A non-invasive blood test, which could be used as a potential tool for the early detection of five common types of cancer up to four years before conventional diagnosis, is reported in a study published in Nature Communications.
The survival of cancer patients significantly increases when the disease is identified at early stages, as the tumour can be surgically removed or treated with appropriate drugs. However, only a limited number of screening tests exist for a few cancer types.

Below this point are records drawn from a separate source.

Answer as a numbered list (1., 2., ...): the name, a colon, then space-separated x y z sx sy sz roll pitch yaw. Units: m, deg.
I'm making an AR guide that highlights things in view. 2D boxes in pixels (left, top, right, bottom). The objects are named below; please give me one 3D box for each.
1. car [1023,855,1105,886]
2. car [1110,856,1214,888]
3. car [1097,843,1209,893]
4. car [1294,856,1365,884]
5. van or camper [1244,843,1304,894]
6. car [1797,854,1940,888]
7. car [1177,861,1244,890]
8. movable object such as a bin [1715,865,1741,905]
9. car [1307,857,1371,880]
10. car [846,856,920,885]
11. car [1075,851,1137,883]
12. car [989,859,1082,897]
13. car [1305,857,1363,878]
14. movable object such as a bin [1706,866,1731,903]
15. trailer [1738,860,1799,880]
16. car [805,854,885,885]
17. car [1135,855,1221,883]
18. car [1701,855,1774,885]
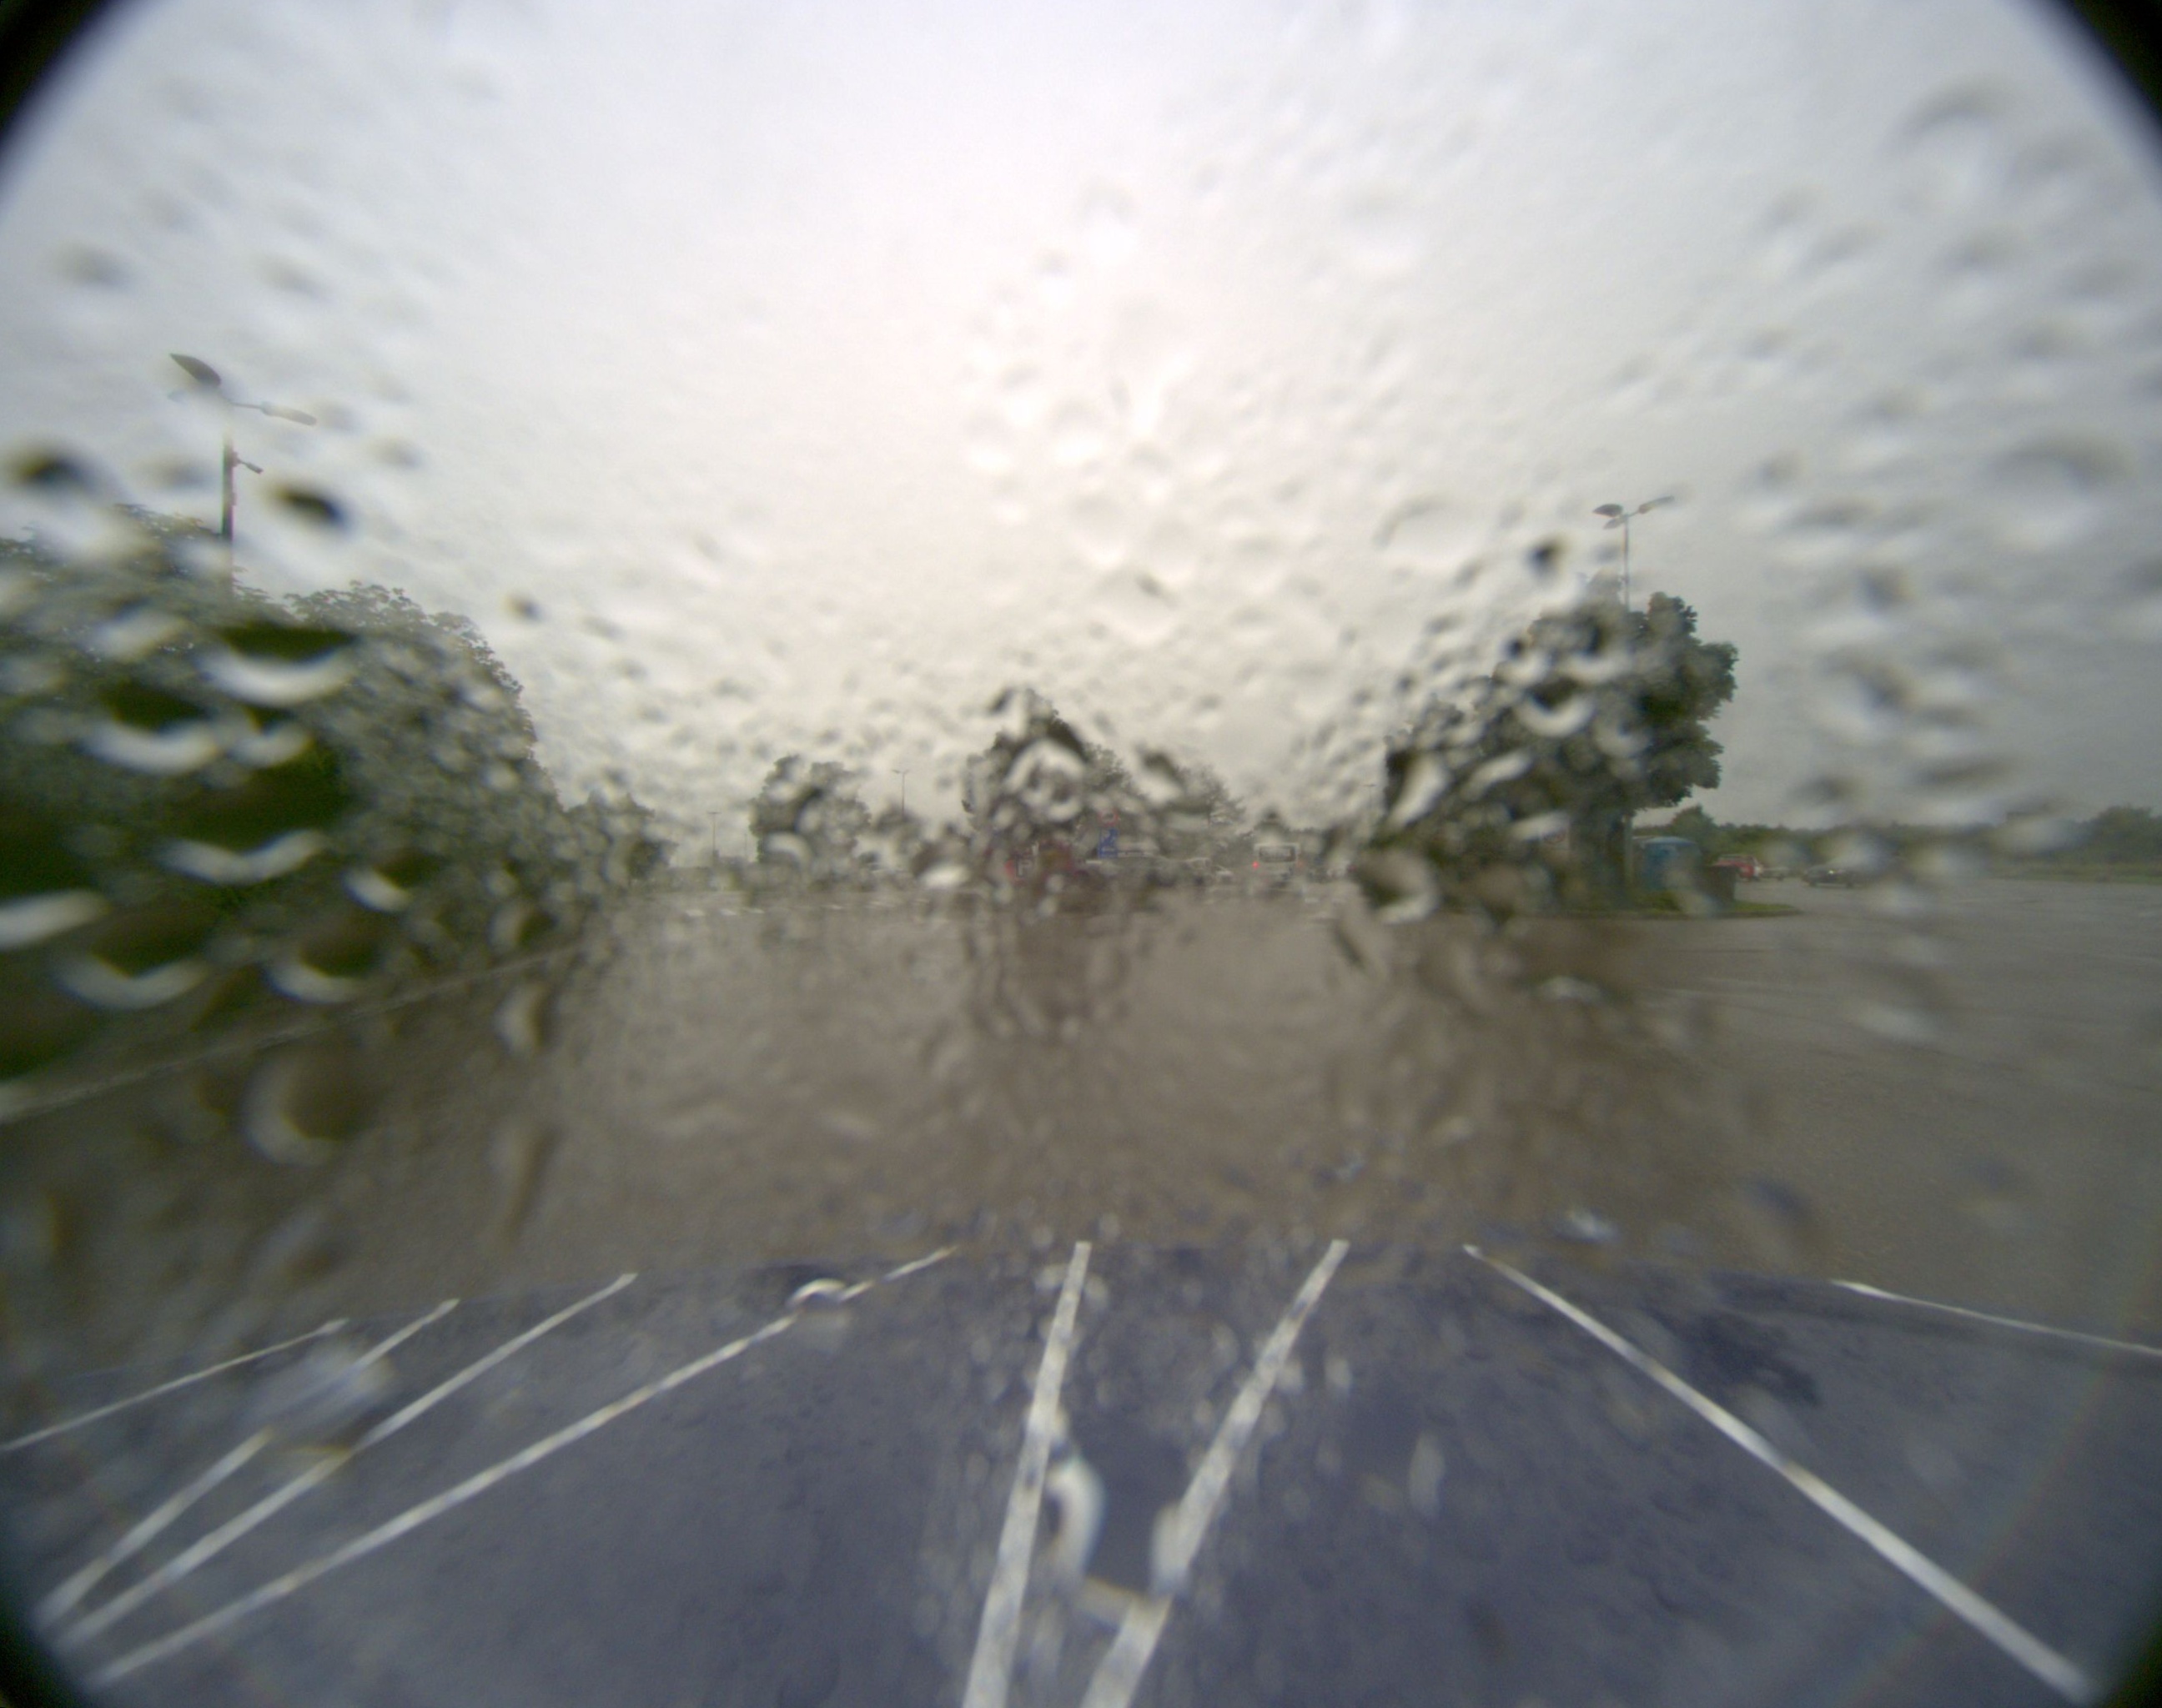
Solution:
1. car: -0.984 0.934 44.212 4.393 1.768 1.927 0 1 13
2. car: 3.966 0.854 37.109 4.758 1.464 1.888 0 1 16
3. car: 3.308 0.600 34.486 4.758 2.176 2.002 0 1 16
4. car: 15.241 0.967 46.795 4.086 1.619 1.788 0 1 16
5. van or camper: 7.936 0.586 31.365 2.191 1.933 5.203 0 -1 14
6. car: 34.940 0.740 33.852 4.069 1.425 1.782 0 0 21
7. car: 9.826 1.592 57.531 4.758 2.069 2.002 0 1 16
8. movable object such as a bin: 15.662 0.740 18.394 0.449 0.933 0.490 1 1 37
9. car: 17.521 0.973 51.780 4.086 1.488 1.768 0 1 16
10. car: -12.060 0.998 46.292 4.040 1.683 1.715 0 1 16
11. car: 1.650 0.844 49.527 3.779 2.002 1.789 -1 0 12
12. car: -2.324 1.198 39.012 4.393 1.874 1.927 0 1 13
13. car: 18.789 1.006 56.614 4.086 1.488 1.768 0 1 16
14. movable object such as a bin: 15.860 0.752 18.915 0.449 0.912 0.490 1 1 37
15. trailer: 39.359 0.913 43.522 3.035 1.061 1.585 1 -1 -26
16. car: -13.475 0.842 43.400 4.040 1.683 1.802 0 1 18
17. car: 5.780 0.871 45.151 4.758 1.578 2.002 0 1 16
18. car: 36.169 0.854 41.828 4.062 1.546 1.546 0 0 -26

In their study, Kun Zhang and colleagues describe a blood-based cancer screening test, called PanSeer, which examines cancer-specific methylation signatures in the blood. The authors perform an analysis on plasma samples obtained from 605 asymptomatic individuals, 191 of whom were later diagnosed with cancer. They also profile plasma samples from an additional 223 diagnosed cancer patients as well as 200 primary tumour and normal tissue samples. The authors demonstrate that their test can potentially detect with high specificity five common types of cancer (stomach, esophageal, colorectal, lung or liver cancer) in post-diagnosis patients, as well as in asymptomatic individuals up to four years before conventional diagnosis.
The authors emphasize that the PanSeer assay is unlikely to be predicting patients who will later go on to develop cancer. Instead, it is most likely identifying patients who already have cancerous growths, but remain asymptomatic to current detection methods. They conclude that further large-scale longitudinal studies are needed to confirm the potential of the test for the early detection of cancer in pre-diagnosis individuals.